→ **WHAT YOU ARE ASKED TO DO**: Please copy the records exactly as they appear, with all pictures left out.

→ **DATA SUPPLIED**:
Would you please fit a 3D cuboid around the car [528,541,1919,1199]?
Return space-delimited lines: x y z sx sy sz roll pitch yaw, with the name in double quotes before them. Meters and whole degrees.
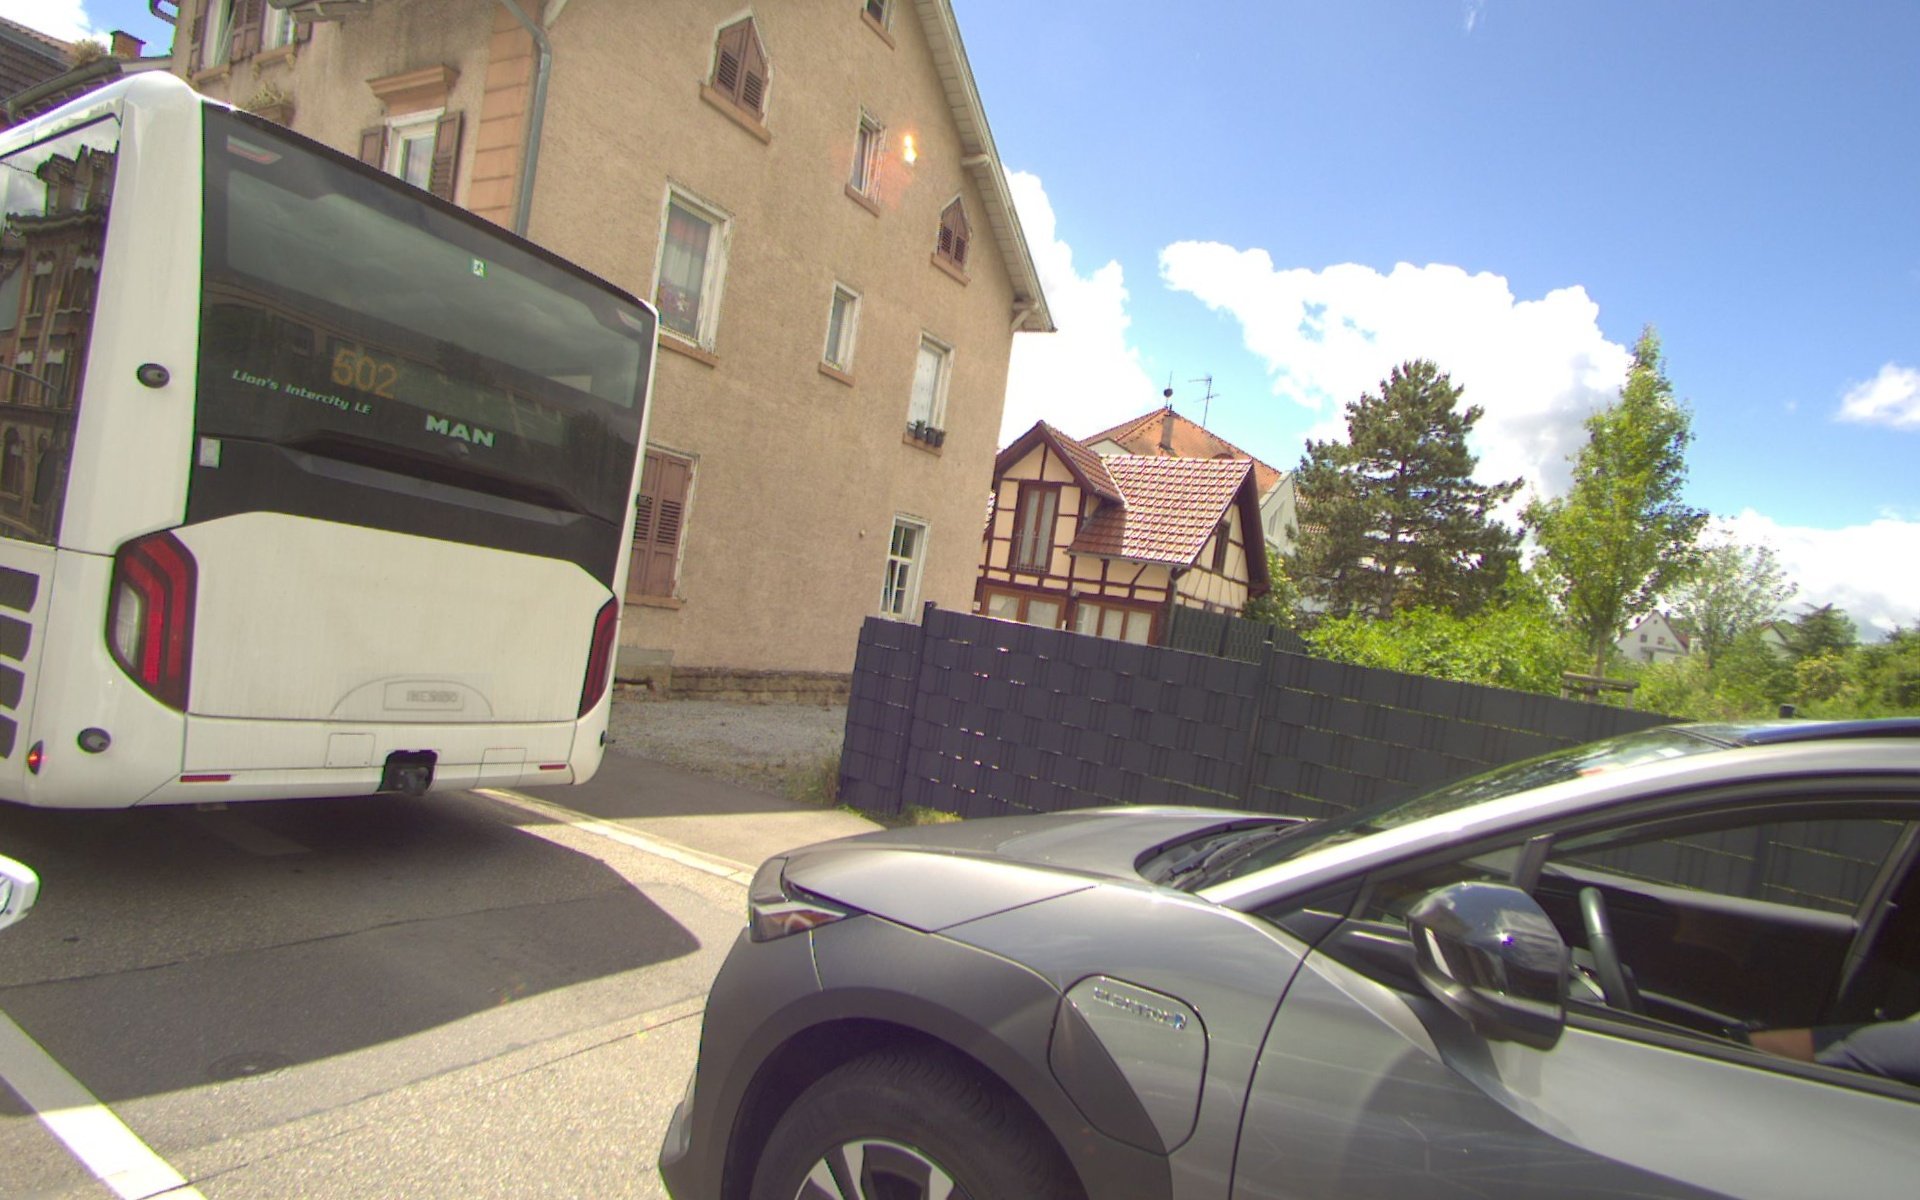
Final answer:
"car" 1.566 1.005 1.827 4.504 1.648 1.997 7 -1 31

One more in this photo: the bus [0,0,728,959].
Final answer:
"bus" -7.468 -1.005 7.711 12.281 3.551 2.910 6 -2 32

→ **PROBLEM SOLUTION**:
Would you please fit a 3D cuboid around the car [528,541,1919,1199]?
Return space-delimited lines: x y z sx sy sz roll pitch yaw, with the name in double quotes before them. Meters and whole degrees.
Final answer:
"car" 1.566 1.005 1.827 4.504 1.648 1.997 7 -1 31

One more in this photo: the bus [0,0,728,959].
Final answer:
"bus" -7.468 -1.005 7.711 12.281 3.551 2.910 6 -2 32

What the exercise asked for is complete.